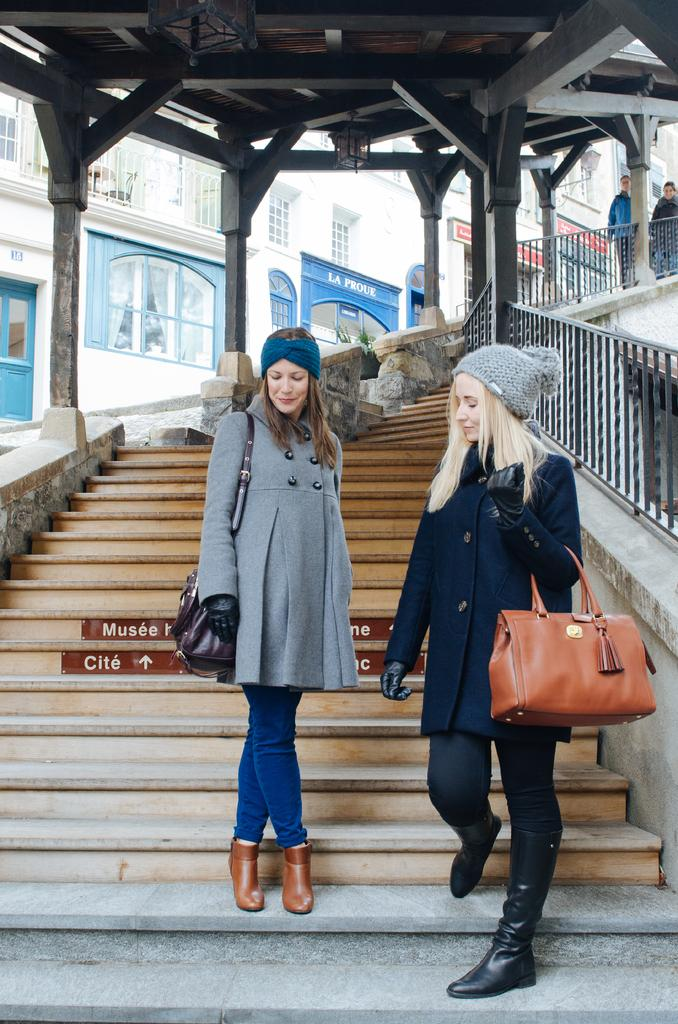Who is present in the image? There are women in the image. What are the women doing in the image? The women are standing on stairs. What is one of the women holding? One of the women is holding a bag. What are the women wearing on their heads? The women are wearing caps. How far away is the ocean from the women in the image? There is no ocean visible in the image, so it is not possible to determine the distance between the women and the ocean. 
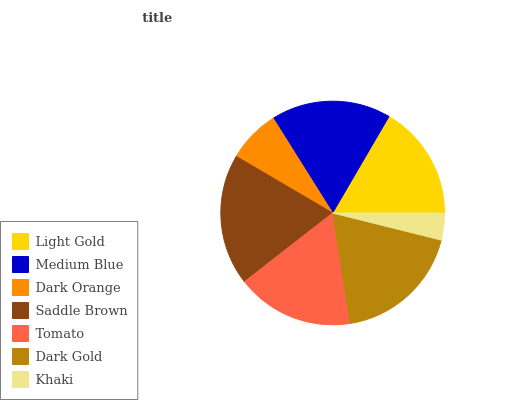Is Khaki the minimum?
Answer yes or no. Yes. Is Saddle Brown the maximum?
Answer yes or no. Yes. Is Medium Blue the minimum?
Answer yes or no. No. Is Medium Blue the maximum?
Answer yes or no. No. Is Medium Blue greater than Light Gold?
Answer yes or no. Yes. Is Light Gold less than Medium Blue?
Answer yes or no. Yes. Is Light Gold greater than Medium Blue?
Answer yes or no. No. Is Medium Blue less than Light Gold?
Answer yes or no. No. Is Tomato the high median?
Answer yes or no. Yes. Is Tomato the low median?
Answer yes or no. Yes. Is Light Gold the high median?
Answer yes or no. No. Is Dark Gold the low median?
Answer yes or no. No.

--*--

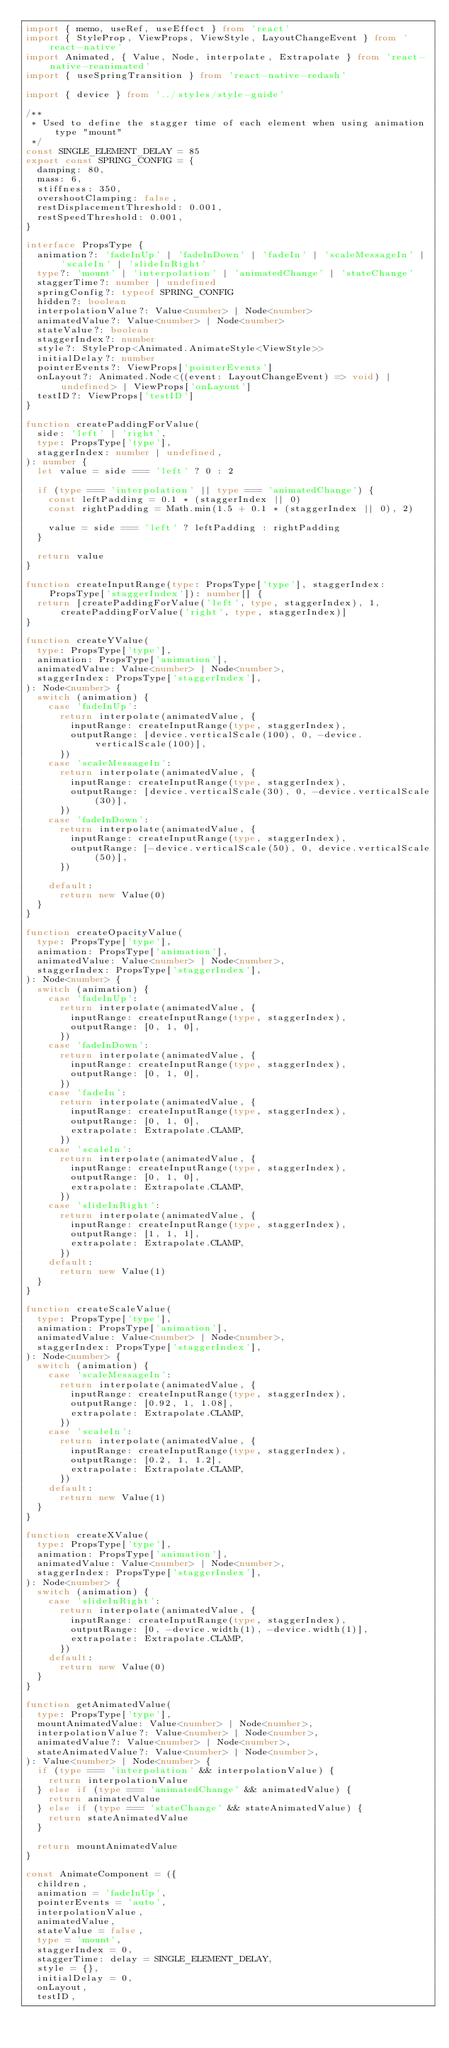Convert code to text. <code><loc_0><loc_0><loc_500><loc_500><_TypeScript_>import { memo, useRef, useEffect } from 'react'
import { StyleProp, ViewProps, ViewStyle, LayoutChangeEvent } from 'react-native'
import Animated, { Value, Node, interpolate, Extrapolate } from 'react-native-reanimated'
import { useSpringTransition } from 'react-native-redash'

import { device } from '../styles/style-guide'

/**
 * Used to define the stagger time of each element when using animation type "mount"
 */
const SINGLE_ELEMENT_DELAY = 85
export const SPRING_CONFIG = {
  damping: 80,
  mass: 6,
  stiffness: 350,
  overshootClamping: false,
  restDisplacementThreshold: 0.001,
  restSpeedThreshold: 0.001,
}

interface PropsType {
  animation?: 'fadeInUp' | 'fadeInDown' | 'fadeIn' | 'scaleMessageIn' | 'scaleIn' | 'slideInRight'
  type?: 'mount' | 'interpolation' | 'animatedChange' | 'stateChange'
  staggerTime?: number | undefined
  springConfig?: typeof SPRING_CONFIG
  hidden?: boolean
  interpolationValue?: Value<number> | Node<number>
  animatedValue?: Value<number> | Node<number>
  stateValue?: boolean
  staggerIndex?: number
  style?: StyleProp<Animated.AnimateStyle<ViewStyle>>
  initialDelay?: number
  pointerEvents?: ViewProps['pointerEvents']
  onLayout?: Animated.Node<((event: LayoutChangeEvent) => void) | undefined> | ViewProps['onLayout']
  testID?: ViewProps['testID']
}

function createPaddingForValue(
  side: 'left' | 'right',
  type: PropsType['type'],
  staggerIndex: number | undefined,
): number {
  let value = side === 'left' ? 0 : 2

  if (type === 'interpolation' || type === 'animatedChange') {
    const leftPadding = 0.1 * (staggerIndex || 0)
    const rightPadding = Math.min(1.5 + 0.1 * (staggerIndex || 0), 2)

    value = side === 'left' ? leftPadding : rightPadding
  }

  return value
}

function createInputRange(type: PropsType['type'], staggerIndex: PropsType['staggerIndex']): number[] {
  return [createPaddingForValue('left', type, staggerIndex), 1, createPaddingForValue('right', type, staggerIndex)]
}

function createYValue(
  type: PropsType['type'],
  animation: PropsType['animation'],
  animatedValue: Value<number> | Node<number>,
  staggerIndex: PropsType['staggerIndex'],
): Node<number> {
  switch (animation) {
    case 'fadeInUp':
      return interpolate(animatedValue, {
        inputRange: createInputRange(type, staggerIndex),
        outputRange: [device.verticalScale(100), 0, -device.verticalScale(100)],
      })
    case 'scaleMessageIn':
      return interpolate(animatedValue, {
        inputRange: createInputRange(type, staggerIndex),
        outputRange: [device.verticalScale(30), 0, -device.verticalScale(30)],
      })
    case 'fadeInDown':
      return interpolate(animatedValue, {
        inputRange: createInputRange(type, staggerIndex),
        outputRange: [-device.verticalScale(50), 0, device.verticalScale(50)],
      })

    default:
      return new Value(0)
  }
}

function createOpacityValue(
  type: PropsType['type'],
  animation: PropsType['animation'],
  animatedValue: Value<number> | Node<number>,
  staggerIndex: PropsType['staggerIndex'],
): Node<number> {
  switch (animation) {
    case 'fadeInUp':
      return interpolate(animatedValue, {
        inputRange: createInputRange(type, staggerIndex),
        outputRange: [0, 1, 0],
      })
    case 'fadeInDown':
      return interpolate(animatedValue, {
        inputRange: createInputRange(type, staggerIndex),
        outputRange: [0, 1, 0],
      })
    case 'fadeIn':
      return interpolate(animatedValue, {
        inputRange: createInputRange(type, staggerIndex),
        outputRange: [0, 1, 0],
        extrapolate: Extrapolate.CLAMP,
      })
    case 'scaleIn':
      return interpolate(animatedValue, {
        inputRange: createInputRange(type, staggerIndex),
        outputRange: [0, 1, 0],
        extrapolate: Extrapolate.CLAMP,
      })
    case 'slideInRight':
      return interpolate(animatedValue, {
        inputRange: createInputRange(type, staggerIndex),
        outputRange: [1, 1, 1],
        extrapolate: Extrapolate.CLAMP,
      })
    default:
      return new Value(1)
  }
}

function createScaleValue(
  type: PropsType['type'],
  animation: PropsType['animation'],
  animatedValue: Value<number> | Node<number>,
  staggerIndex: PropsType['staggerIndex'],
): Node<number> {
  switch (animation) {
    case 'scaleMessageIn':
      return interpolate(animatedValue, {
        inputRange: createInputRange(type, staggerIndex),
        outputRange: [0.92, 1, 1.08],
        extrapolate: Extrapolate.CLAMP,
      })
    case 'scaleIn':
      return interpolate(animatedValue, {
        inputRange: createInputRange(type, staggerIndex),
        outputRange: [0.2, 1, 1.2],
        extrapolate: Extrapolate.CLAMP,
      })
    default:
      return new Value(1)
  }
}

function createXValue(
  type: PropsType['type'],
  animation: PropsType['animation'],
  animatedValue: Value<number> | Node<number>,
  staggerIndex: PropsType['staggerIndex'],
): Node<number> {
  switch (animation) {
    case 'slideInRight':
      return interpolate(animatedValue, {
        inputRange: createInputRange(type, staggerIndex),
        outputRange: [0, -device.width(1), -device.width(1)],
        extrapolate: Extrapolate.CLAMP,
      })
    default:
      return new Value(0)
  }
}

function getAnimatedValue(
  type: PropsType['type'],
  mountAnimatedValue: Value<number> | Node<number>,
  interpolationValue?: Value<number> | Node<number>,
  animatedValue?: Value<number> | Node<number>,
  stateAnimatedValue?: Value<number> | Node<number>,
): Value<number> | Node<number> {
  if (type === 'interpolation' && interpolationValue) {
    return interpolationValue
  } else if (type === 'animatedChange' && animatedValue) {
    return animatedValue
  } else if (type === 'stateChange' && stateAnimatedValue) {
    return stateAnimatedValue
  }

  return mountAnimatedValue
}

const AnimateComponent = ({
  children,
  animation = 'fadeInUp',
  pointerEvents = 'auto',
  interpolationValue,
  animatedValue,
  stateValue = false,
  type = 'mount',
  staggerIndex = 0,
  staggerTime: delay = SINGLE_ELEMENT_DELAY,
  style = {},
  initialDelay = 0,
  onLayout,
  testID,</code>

--*--

Problem details: Lines holding the word "pointerEvents" should be copied from the entries above.

Completed task:
  pointerEvents?: ViewProps['pointerEvents']
  pointerEvents = 'auto',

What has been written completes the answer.